Today, the Alibaba Cloud Tongyi team officially released a brand new mathematical reasoning process reward model, Qwen2.5-Math-PRM. This model is available in two sizes: 72B and 7B, both of which significantly outperform similar open-source process reward models, particularly excelling in identifying reasoning errors.
The 7B version of Qwen2.5-Math-PRM astonishingly surpasses the widely popular GPT-4o in the industry, marking an important milestone for Alibaba Cloud in the development of reasoning models. To comprehensively assess the model's performance in mathematical reasoning, the Tongyi team also open-sourced the first step-level evaluation standard — ProcessBench.

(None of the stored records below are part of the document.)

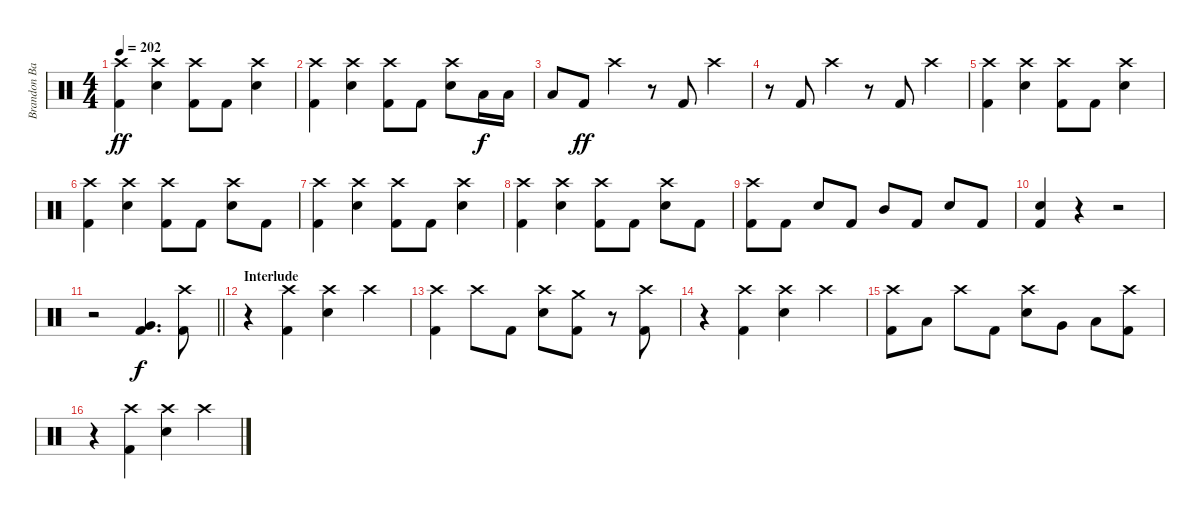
\track ("Brandon Barnes - Drums" "Brandon Ba") {instrument percussion}
\staff {score}
\articulation defaults
\ts (4 4)
\tempo 202
\clef neutral
\ks c
("Kick (hit) 2" "Crash high (hit)").4{dy ff} ("Snare (hit) 2" "Crash high (hit)").4 ("Kick (hit) 2" "Crash high (hit)").8 "Kick (hit) 2".8 ("Snare (hit) 2" "Crash high (hit)").4 |
("Kick (hit) 2" "Crash high (hit)").4 ("Snare (hit) 2" "Crash high (hit)").4 ("Kick (hit) 2" "Crash high (hit)").8 "Kick (hit) 2".8 ("Snare (hit) 2" "Crash high (hit)").8 "Low Tom (hit)".16{dy f} "Low Tom (hit)".16 |
"Low Tom (hit)".8 "Kick (hit) 2".8{dy ff} "Crash high (hit)".4 r.8 "Kick (hit) 2".8 "Crash high (hit)".4 |
r.8 "Kick (hit) 2".8 "Crash high (hit)".4 r.8 "Kick (hit) 2".8 "Crash high (hit)".4 |
("Kick (hit) 2" "Crash high (hit)").4 ("Snare (hit) 2" "Crash high (hit)").4 ("Kick (hit) 2" "Crash high (hit)").8 "Kick (hit) 2".8 ("Snare (hit) 2" "Crash high (hit)").4 |
("Kick (hit) 2" "Crash high (hit)").4 ("Snare (hit) 2" "Crash high (hit)").4 ("Kick (hit) 2" "Crash high (hit)").8 "Kick (hit) 2".8 ("Snare (hit) 2" "Crash high (hit)").8 "Kick (hit) 2".8 |
("Kick (hit) 2" "Crash high (hit)").4 ("Snare (hit) 2" "Crash high (hit)").4 ("Kick (hit) 2" "Crash high (hit)").8 "Kick (hit) 2".8 ("Snare (hit) 2" "Crash high (hit)").4 |
("Kick (hit) 2" "Crash high (hit)").4 ("Snare (hit) 2" "Crash high (hit)").4 ("Kick (hit) 2" "Crash high (hit)").8 "Kick (hit) 2".8 ("Snare (hit) 2" "Crash high (hit)").8 "Kick (hit) 2".8 |
("Kick (hit) 2" "Crash high (hit)").8 "Kick (hit) 2".8 "Snare (hit) 2".8 "Kick (hit) 2".8 "Mid Tom (hit)".8 "Kick (hit) 2".8 "Snare (hit) 2".8 "Kick (hit) 2".8 |
("Kick (hit) 2" "Snare (hit) 2").4 r.4 r.2 |
\barLineRight lightlight
r.2 ("Very Low Tom (hit)" "Kick (hit) 2").4{d dy f} ("Kick (hit) 2" "Crash high (hit)").8 |
\section ("" "Interlude")
r.4 ("Kick (hit) 2" "Crash high (hit)").4 ("Snare (hit) 2" "Crash high (hit)").4 "Crash high (hit)".4 |
("Crash high (hit)" "Kick (hit) 2").4 "Crash high (hit)".8 "Kick (hit) 2".8 ("Snare (hit) 2" "Crash high (hit)").8 ("Kick (hit) 2" "Crash medium (hit)").8 r.8 ("Crash high (hit)" "Kick (hit) 2").8 |
r.4 ("Kick (hit) 2" "Crash high (hit)").4 ("Snare (hit) 2" "Crash high (hit)").4 "Crash high (hit)".4 |
("Kick (hit) 2" "Crash high (hit)").8 "Low Tom (hit)".8 "Crash high (hit)".8 "Kick (hit) 2".8 ("Snare (hit) 2" "Crash high (hit)").8 "Very Low Tom (hit)".8 "Low Floor Tom (hit)".8 ("Crash high (hit)" "Kick (hit) 2").8 |
r.4 ("Kick (hit) 2" "Crash high (hit)").4 ("Snare (hit) 2" "Crash high (hit)").4 "Crash high (hit)".4

This evaluation standard covers 3,400 mathematical problem test cases, including challenging problems from the International Mathematical Olympiad, with each case annotated by human experts to ensure scientific and comprehensive evaluation.
Through the evaluation of Qwen2.5-Math-PRM's performance on ProcessBench, the research team found that both the 72B and 7B models performed exceptionally well. Notably, the 7B version not only surpassed other open-source models of the same size but even exceeded the closed-source GPT-4o-0806 in certain aspects. This demonstrates the tremendous potential of process reward models (PRM) in enhancing reasoning reliability and provides new insights for the future development of reasoning process supervision technologies.
The innovative work of the Alibaba Cloud Tongyi team not only advances artificial intelligence reasoning technology but also provides valuable references for other developers in the industry. Through open-sourcing, the Tongyi team hopes to share experiences with more researchers and promote technological progress across the industry.